● **EXERCISE DESCRIPTION**
Retype each entry exactly as written, and keep the pictures out of the copy.

Start of Block

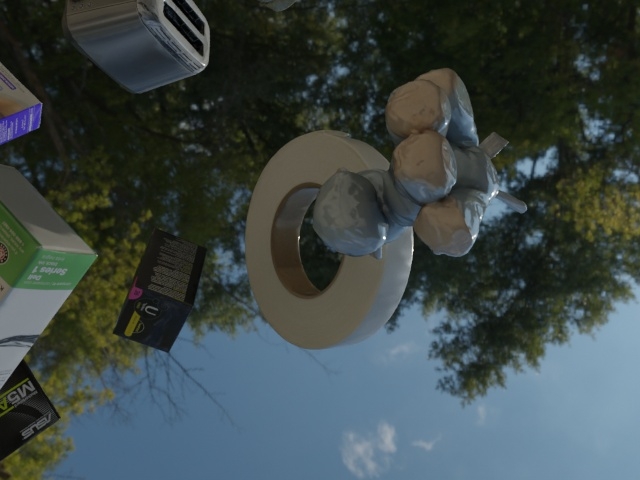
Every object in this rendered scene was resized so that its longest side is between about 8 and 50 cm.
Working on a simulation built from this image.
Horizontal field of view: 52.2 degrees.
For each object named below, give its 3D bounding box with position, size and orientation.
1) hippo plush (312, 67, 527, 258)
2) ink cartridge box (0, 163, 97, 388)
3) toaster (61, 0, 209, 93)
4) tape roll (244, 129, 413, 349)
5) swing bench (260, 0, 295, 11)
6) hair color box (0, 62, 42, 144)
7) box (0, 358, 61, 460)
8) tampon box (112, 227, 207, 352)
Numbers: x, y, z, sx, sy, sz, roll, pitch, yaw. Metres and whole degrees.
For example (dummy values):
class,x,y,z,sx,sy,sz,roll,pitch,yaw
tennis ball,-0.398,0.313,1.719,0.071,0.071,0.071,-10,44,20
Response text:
class,x,y,z,sx,sy,sz,roll,pitch,yaw
hippo plush,0.107,-0.092,0.907,0.236,0.234,0.294,-14,-173,34
ink cartridge box,-0.371,0.047,0.698,0.160,0.092,0.219,41,-81,18
toaster,-0.269,-0.318,1.001,0.146,0.227,0.129,-9,-114,19
tape roll,0.000,0.000,1.183,0.072,0.392,0.392,1,-158,-41
swing bench,-0.122,-0.431,0.763,0.165,0.253,0.255,5,-105,63
hair color box,-0.898,-0.311,1.626,0.185,0.110,0.339,43,-131,6
box,-0.604,0.305,1.182,0.190,0.184,0.045,-34,-168,-36
tampon box,-0.269,0.083,1.110,0.101,0.120,0.161,23,-148,-15
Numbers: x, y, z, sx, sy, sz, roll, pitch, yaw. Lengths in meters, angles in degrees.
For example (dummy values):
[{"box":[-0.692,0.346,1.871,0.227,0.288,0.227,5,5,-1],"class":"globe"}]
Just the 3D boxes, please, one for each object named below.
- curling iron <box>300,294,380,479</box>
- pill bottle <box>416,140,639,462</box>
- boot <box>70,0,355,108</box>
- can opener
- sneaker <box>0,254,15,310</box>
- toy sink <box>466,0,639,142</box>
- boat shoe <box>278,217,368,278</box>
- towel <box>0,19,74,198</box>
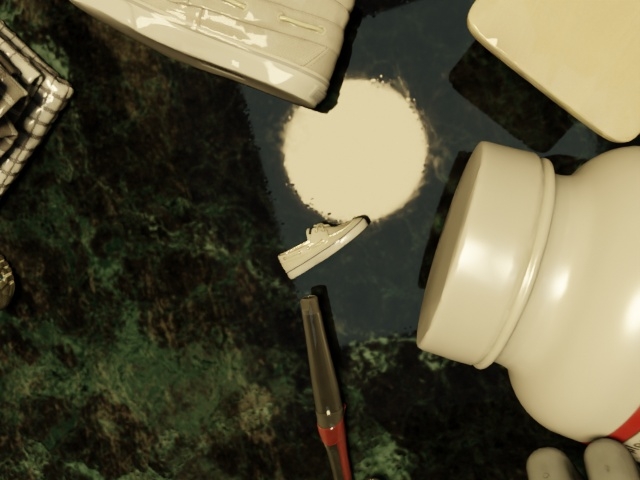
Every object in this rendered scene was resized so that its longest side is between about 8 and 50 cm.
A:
[{"box":[0.025,0.187,0.573,0.068,0.035,0.273,-16,95,8],"class":"curling iron"},{"box":[0.293,0.063,0.410,0.408,0.229,0.228,17,100,8],"class":"pill bottle"},{"box":[-0.098,-0.228,0.521,0.259,0.095,0.123,21,95,-2],"class":"boot"},{"box":[0.234,0.234,0.411,0.074,0.093,0.280,-22,128,24],"class":"can opener"},{"box":[-0.423,0.038,0.630,0.162,0.063,0.073,30,119,9],"class":"sneaker"},{"box":[0.238,-0.204,0.436,0.153,0.131,0.234,39,97,3],"class":"toy sink"},{"box":[0.000,0.000,0.554,0.100,0.035,0.035,-33,93,19],"class":"boat shoe"},{"box":[-0.444,-0.158,0.567,0.284,0.121,0.235,43,103,2],"class":"towel"}]
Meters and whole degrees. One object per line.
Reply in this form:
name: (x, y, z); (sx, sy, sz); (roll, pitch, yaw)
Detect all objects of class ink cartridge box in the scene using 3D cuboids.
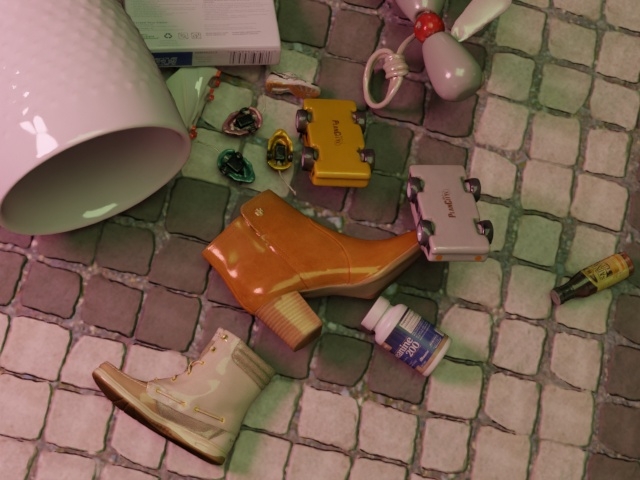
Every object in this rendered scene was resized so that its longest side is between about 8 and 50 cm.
ink cartridge box: (-0.180, -0.350, 1.971); (0.223, 0.045, 0.224); (-2, 55, -10)

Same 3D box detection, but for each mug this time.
mug: (-0.401, -0.191, 1.802); (0.374, 0.276, 0.328); (-31, 72, 17)

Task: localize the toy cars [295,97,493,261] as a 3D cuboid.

End of Block

● **ANSWER SPACE**
Every object in this rendered scene was resized so that its longest side is between about 8 and 50 cm.
Working on a simulation built from this image.
Horizontal field of view: 52.2 degrees.
For each object named below, give its 3D bounding box with position, size and orientation.
1) hippo plush (312, 67, 527, 258)
2) ink cartridge box (0, 163, 97, 388)
3) toaster (61, 0, 209, 93)
4) tape roll (244, 129, 413, 349)
5) swing bench (260, 0, 295, 11)
6) hair color box (0, 62, 42, 144)
7) box (0, 358, 61, 460)
8) tampon box (112, 227, 207, 352)
Numbers: x, y, z, sx, sy, sz, roll, pitch, yaw. Metres and whole degrees.
For example (dummy values):
class,x,y,z,sx,sy,sz,roll,pitch,yaw
tennis ball,-0.398,0.313,1.719,0.071,0.071,0.071,-10,44,20
Response text:
class,x,y,z,sx,sy,sz,roll,pitch,yaw
hippo plush,0.107,-0.092,0.907,0.236,0.234,0.294,-14,-173,34
ink cartridge box,-0.371,0.047,0.698,0.160,0.092,0.219,41,-81,18
toaster,-0.269,-0.318,1.001,0.146,0.227,0.129,-9,-114,19
tape roll,0.000,0.000,1.183,0.072,0.392,0.392,1,-158,-41
swing bench,-0.122,-0.431,0.763,0.165,0.253,0.255,5,-105,63
hair color box,-0.898,-0.311,1.626,0.185,0.110,0.339,43,-131,6
box,-0.604,0.305,1.182,0.190,0.184,0.045,-34,-168,-36
tampon box,-0.269,0.083,1.110,0.101,0.120,0.161,23,-148,-15
Numbers: x, y, z, sx, sy, sz, roll, pitch, yaw. Lengths in meters, angles in degrees.
For example (dummy values):
[{"box":[-0.692,0.346,1.871,0.227,0.288,0.227,5,5,-1],"class":"globe"}]
Just the 3D boxes, please, one for each object named below.
- curling iron <box>300,294,380,479</box>
- pill bottle <box>416,140,639,462</box>
- boot <box>70,0,355,108</box>
- can opener
- sneaker <box>0,254,15,310</box>
- toy sink <box>466,0,639,142</box>
- boat shoe <box>278,217,368,278</box>
- towel <box>0,19,74,198</box>
Every object in this rendered scene was resized so that its longest side is between about 8 and 50 cm.
A:
[{"box":[0.025,0.187,0.573,0.068,0.035,0.273,-16,95,8],"class":"curling iron"},{"box":[0.293,0.063,0.410,0.408,0.229,0.228,17,100,8],"class":"pill bottle"},{"box":[-0.098,-0.228,0.521,0.259,0.095,0.123,21,95,-2],"class":"boot"},{"box":[0.234,0.234,0.411,0.074,0.093,0.280,-22,128,24],"class":"can opener"},{"box":[-0.423,0.038,0.630,0.162,0.063,0.073,30,119,9],"class":"sneaker"},{"box":[0.238,-0.204,0.436,0.153,0.131,0.234,39,97,3],"class":"toy sink"},{"box":[0.000,0.000,0.554,0.100,0.035,0.035,-33,93,19],"class":"boat shoe"},{"box":[-0.444,-0.158,0.567,0.284,0.121,0.235,43,103,2],"class":"towel"}]
Meters and whole degrees. One object per line.
Reply in this form:
name: (x, y, z); (sx, sy, sz); (roll, pitch, yaw)
Detect all objects of class ink cartridge box in the scene using 3D cuboids.
Every object in this rendered scene was resized so that its longest side is between about 8 and 50 cm.
ink cartridge box: (-0.180, -0.350, 1.971); (0.223, 0.045, 0.224); (-2, 55, -10)

Same 3D box detection, but for each mug this time.
mug: (-0.401, -0.191, 1.802); (0.374, 0.276, 0.328); (-31, 72, 17)

Task: localize the toy cars [295,97,493,261] as a 3D cuboid.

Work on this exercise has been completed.